In my opinion, America and therefore, the majority of America's citizens are, it would appear, hostages of the smaller warlike nation that co-exists within a larger nation of civilians -approximately 300 million Americans, and a world of 7 billion - particularly with our bifurcated leader, #43.

It is neither the majority of the American people nor the majority of the people of the world for that matter who are warlike either in nature or in kind. The majority, in both instances (including many of our allies)denounce the hawks in the 'American military war drums movement' which includes so many in the defense industry (former service-connected individuals), the administration in Washington and many retired veterans who still have a taste for blood. This denouement of America, its policies and its aggressive nature have reached astronomical proportions around the world.

This small subset of 'the less enlarged minds', those that I have just mentioned along with a portion of the citizenry, I believe are incapable of contemplating a solution to a problem other than by killing people - and of late, by taking down the capitol of other nations - contemporary American war strategy, just as they have already taken over the capitol in America. Watch out Iran?

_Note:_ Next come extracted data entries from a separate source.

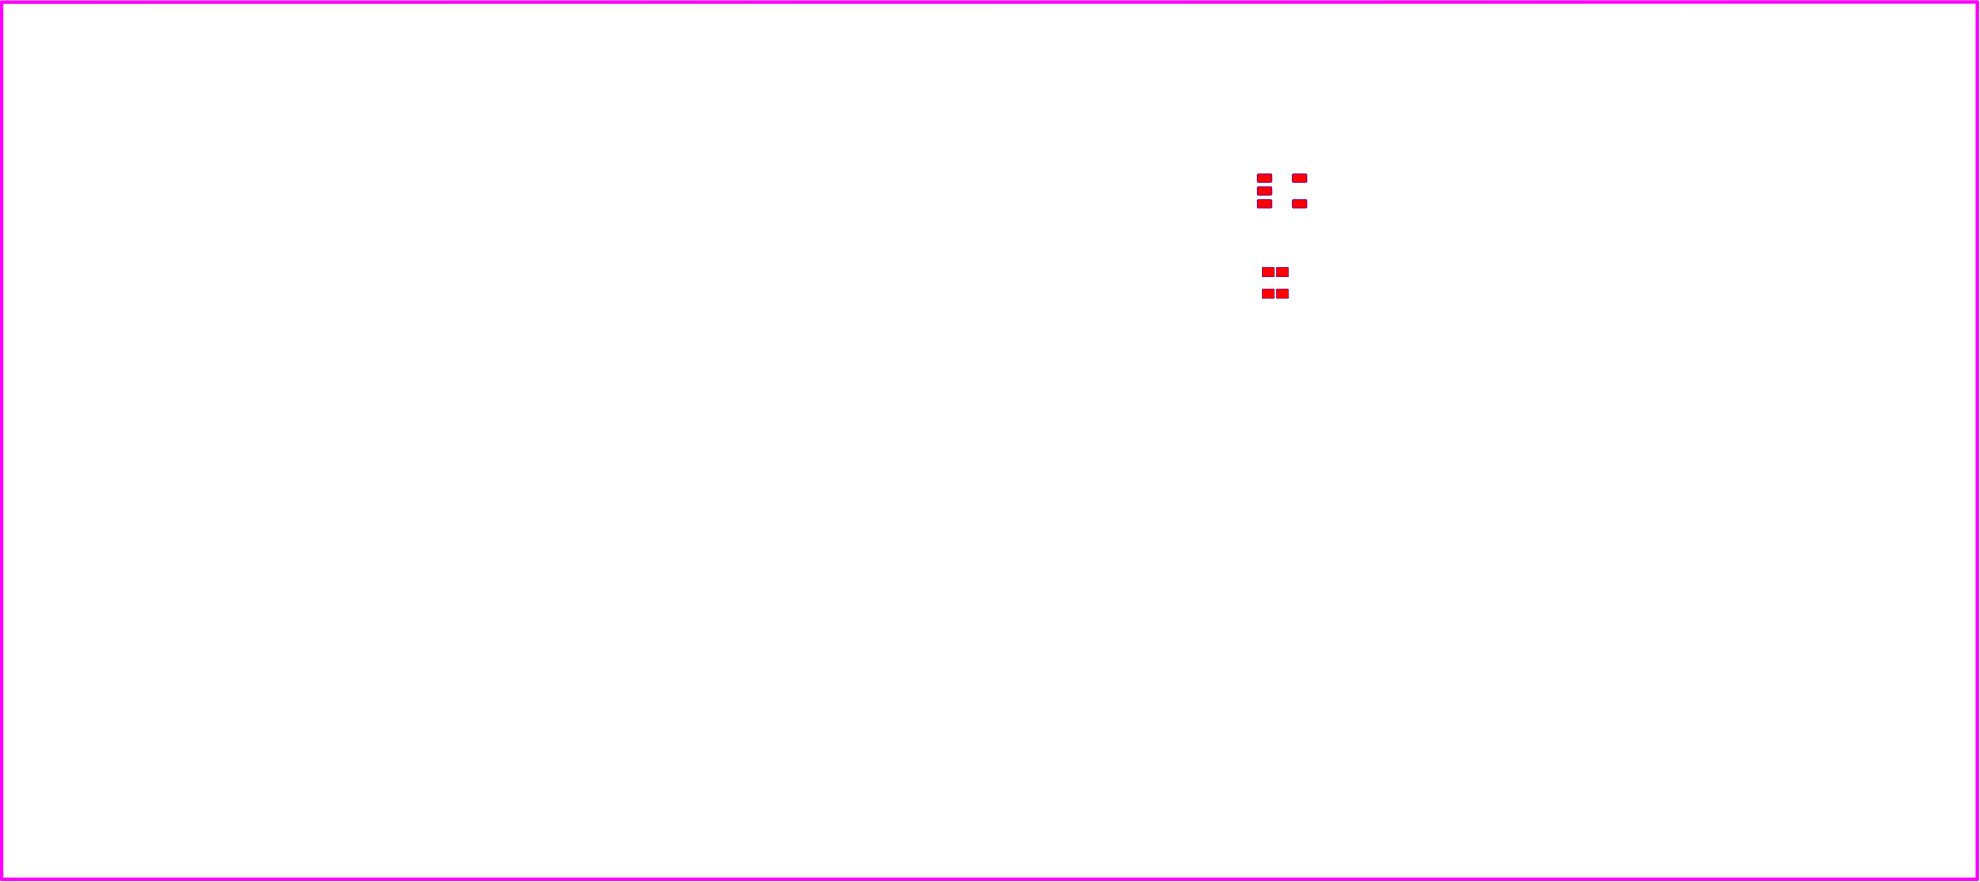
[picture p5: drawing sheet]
<svg xmlns="http://www.w3.org/2000/svg" width="489mm" height="218mm" viewBox="0 0 489 218" stroke-linecap="round" stroke-linejoin="round" font-family="sans-serif">
<path d="M.4 .5h487.9v216.5h-487.9z" fill="none" stroke="#f0f" stroke-width=".85"/>
<g fill="#800080">
<path d="M315.4 65.9h2.6l.2 .3v1.9l-.2 .3h-2.6l-.3-.3v-1.9z" fill-rule="evenodd"/>
<path d="M315.4 71.3h2.6l.2 .2v1.9l-.2 .3h-2.6l-.3-.3v-1.9z" fill-rule="evenodd"/>
<path d="M311.9 65.9h2.6l.2 .3v1.9l-.2 .3h-2.6l-.3-.3v-1.9z" fill-rule="evenodd"/>
<path d="M319.5 49.1h2.9l.4 .5v1.4l-.4 .4h-2.9l-.5-.4v-1.4z" fill-rule="evenodd"/>
<path d="M310.8 46h3l.4 .4v1.5l-.4 .4h-3l-.4-.4v-1.5z" fill-rule="evenodd"/>
<path d="M310.8 49.1h3l.4 .5v1.4l-.4 .4h-3l-.4-.4v-1.4z" fill-rule="evenodd"/>
<path d="M319.5 42.8h2.9l.4 .4v1.5l-.4 .4h-2.9l-.5-.4v-1.5z" fill-rule="evenodd"/>
<path d="M310.8 42.8h3l.4 .4v1.5l-.4 .4h-3l-.4-.4v-1.5z" fill-rule="evenodd"/>
<path d="M311.9 71.3h2.6l.2 .2v1.9l-.2 .3h-2.6l-.3-.3v-1.9z" fill-rule="evenodd"/>
</g>
<g fill="#800080">
<path d="M315.1 66.2h.3zM315.2 66l.2-.1v.3h-.3z"/>
<path d="M315.4 68.1v.3zM315.1 68.1h.3v.3z"/>
<path d="M318 68.1h.2zM318 68.1h.2l-.2 .3z"/>
<path d="M318 65.9v.3zM318 65.9l.2 .3h-.2z"/>
<path d="M315.1 71.5h.3zM315.2 71.3h.2v.2h-.3z"/>
<path d="M315.4 73.4v.3zM315.1 73.4h.3v.3z"/>
<path d="M318 73.4h.2zM318 73.4h.2l-.2 .3z"/>
<path d="M318 71.3v.2zM318 71.3l.2 .2h-.2z"/>
<path d="M311.6 66.2h.3zM311.7 66l.2-.1v.3h-.3z"/>
<path d="M311.9 68.1v.3zM311.6 68.1h.3v.3z"/>
<path d="M314.5 68.1h.2zM314.5 68.1h.2l-.2 .3z"/>
<path d="M314.5 65.9v.3zM314.5 65.9l.2 .3h-.2z"/>
<path d="M319 49.6h.5zM319.2 49.2l.3-.1v.5h-.5z"/>
<path d="M319.5 51v.4zM319 51h.5v.4z"/>
<path d="M322.4 51h.4zM322.4 51h.4l-.2 .4h-.2z"/>
<path d="M322.4 49.1v.5zM322.4 49.1l.4 .5h-.4z"/>
<path d="M310.4 46.4h.4zM310.6 46h.2v.4h-.4z"/>
<path d="M310.8 47.9v.4zM310.4 47.9h.4v.4z"/>
<path d="M313.8 47.9h.4zM313.8 47.9h.4l-.2 .3-.2 .1z"/>
<path d="M313.8 46v.4zM313.8 46l.4 .4h-.4z"/>
<path d="M310.4 49.6h.4zM310.6 49.2l.2-.1v.5h-.4z"/>
<path d="M310.8 51v.4zM310.4 51h.4v.4z"/>
<path d="M313.8 51h.4zM313.8 51h.4l-.2 .4h-.2z"/>
<path d="M313.8 49.1v.5zM313.8 49.1l.4 .5h-.4z"/>
<path d="M319 43.2h.5zM319.2 42.9l.3-.1v.4h-.5z"/>
<path d="M319.5 44.7v.4zM319 44.7h.5v.4z"/>
<path d="M322.4 44.7h.4zM322.4 44.7h.4l-.2 .4h-.2z"/>
<path d="M322.4 42.8v.4zM322.4 42.8l.4 .4h-.4z"/>
<path d="M310.4 43.2h.4zM310.6 42.9l.2-.1v.4h-.4z"/>
<path d="M310.8 44.7v.4zM310.4 44.7h.4v.4z"/>
<path d="M313.8 44.7h.4zM313.8 44.7h.4l-.2 .4h-.2z"/>
<path d="M313.8 42.8v.4zM313.8 42.8l.4 .4h-.4z"/>
<path d="M311.6 71.5h.3zM311.7 71.3h.2v.2h-.3z"/>
<path d="M311.9 73.4v.3zM311.6 73.4h.3v.3z"/>
<path d="M314.5 73.4h.2zM314.5 73.4h.2l-.2 .3z"/>
<path d="M314.5 71.3v.2zM314.5 71.3l.2 .2h-.2z"/>
</g>
<g fill="#f00">
<path d="M315.4 66.1h2.6l.1 2-2.7 .1z" fill-rule="evenodd"/>
<path d="M315.4 71.4h2.6l.1 2-2.7 .2z" fill-rule="evenodd"/>
<path d="M311.9 66.1h2.6l.1 2-2.7 .1z" fill-rule="evenodd"/>
<path d="M319.5 49.4h2.9l.2 .2v1.4l-.2 .2h-2.9l-.2-.2v-1.4z" fill-rule="evenodd"/>
<path d="M310.6 46.4l.2-.2h3l.1 .2v1.5l-.1 .1h-3l-.2-.1z" fill-rule="evenodd"/>
<path d="M310.8 49.4h3l.1 .2v1.4l-.1 .2h-3l-.2-.2v-1.4z" fill-rule="evenodd"/>
<path d="M319.5 43.1h2.9l.2 .1v1.5l-.2 .2h-2.9l-.2-.2v-1.5z" fill-rule="evenodd"/>
<path d="M310.6 43.2l.2-.1h3l.1 .1v1.5l-.1 .2h-3l-.2-.2z" fill-rule="evenodd"/>
<path d="M311.9 71.4h2.6l.1 2-2.7 .2z" fill-rule="evenodd"/>
</g>
<g fill="#f00">
<path d="M315.3 68.1l.1 .1z"/>
<path d="M318 66.1l.1 .1z"/>
<path d="M315.3 73.4l.1 .2z"/>
<path d="M318 71.4l.1 .1z"/>
<path d="M311.8 68.1l.1 .1z"/>
<path d="M314.5 66.1l.1 .1z"/>
<path d="M311.8 73.4l.1 .2z"/>
<path d="M314.5 71.4l.1 .1z"/>
<path d="M319.3 49.6h.2zM319.3 49.4h.2v.2h-.2z"/>
<path d="M319.5 51v.2zM319.3 51h.2v.2z"/>
<path d="M322.4 51h.2zM322.4 51h.2l-.2 .2z"/>
<path d="M322.4 49.4v.2zM322.4 49.4l.2 .2h-.2z"/>
<path d="M310.6 46.4h.2zM310.7 46.3l.1-.1v.2h-.2z"/>
<path d="M310.8 47.9v.1zM310.6 47.9h.2v.1z"/>
<path d="M313.8 47.9h.1zM313.8 47.9h.1l-.1 .1z"/>
<path d="M313.8 46.2v.2zM313.8 46.2l.1 .2h-.1z"/>
<path d="M310.6 49.6h.2zM310.7 49.4h.1v.2h-.2z"/>
<path d="M310.8 51v.2zM310.6 51h.2v.2z"/>
<path d="M313.8 51h.1zM313.8 51h.1l-.1 .2z"/>
<path d="M313.8 49.4v.2zM313.8 49.4l.1 .2h-.1z"/>
<path d="M319.3 43.2h.2zM319.3 43.1h.2v.1h-.2z"/>
<path d="M319.5 44.7v.2zM319.3 44.7h.2v.2z"/>
<path d="M322.4 44.7h.2zM322.4 44.7h.2l-.2 .2z"/>
<path d="M322.4 43.1v.1zM322.4 43.1l.2 .1h-.2z"/>
<path d="M310.6 43.2h.2zM310.7 43.1h.1v.1h-.2z"/>
<path d="M310.8 44.7v.2zM310.6 44.7h.2v.2z"/>
<path d="M313.8 44.7h.1zM313.8 44.7h.1l-.1 .2z"/>
<path d="M313.8 43.1v.1zM313.8 43.1l.1 .1h-.1z"/>
</g>
</svg>

Er herm, and weren't you in the Navy? You folks in your own privations may be a warlike nation; however, the majority of the rest of us Americans neither considers nor wants our nation to be on a constant war footing. For we of the larger crania, are capable of deliberating with other people and nations, and capable of solving problems without any bloodshed - it has been done before and we know principled negotiations can still work.

The problem with war hawks is that they do not believe in principled negotiation - they believe that the other side should always 'cave in' to the whims and wishes of the ideological American war hawks!

Not to make this personal, however, you are obviously a well versed student of history and war strategy. Are you aware of all of the skirmishes that have been prevented and resolved as a result of negotiations(s), as opposed to a shoot first and ask questions later mentality?

Conclusion:
Why not bring your 'obvious genius' over to the other side and join those of us who are a part of the American majority, as well as the majority of the truly peace-seeking people in the rest of the world.

For #43 and the America military, right now, are together responsible for most of the unrest in the world today - even our allies, to no avail, have expressed their profound concerns about American interventionism, and others expansionism!

Peace & Grace,
The Rev (not St. Augustine of 'Just War theory')



Addenda: For the American 'affaire de coeur' with war and killing, renders Jesus Christ (the prince of peace) and the scriptures, useless - a warlike nation in my opinion is an uncivilized nation and an enemy of the eschatalogical plan of Jesus Christ and his kingdom whose purpose is to eliminate war forevermore! If you are correct, then perhaps we should simply stop calling our nation 'a Christian one' and remove 'In God We trust' from our creed! Frank answer this question for me, are we to be a warlike nation, or a Christian one? In my humble opinion, the two together are mutually exclusive, the one of the other.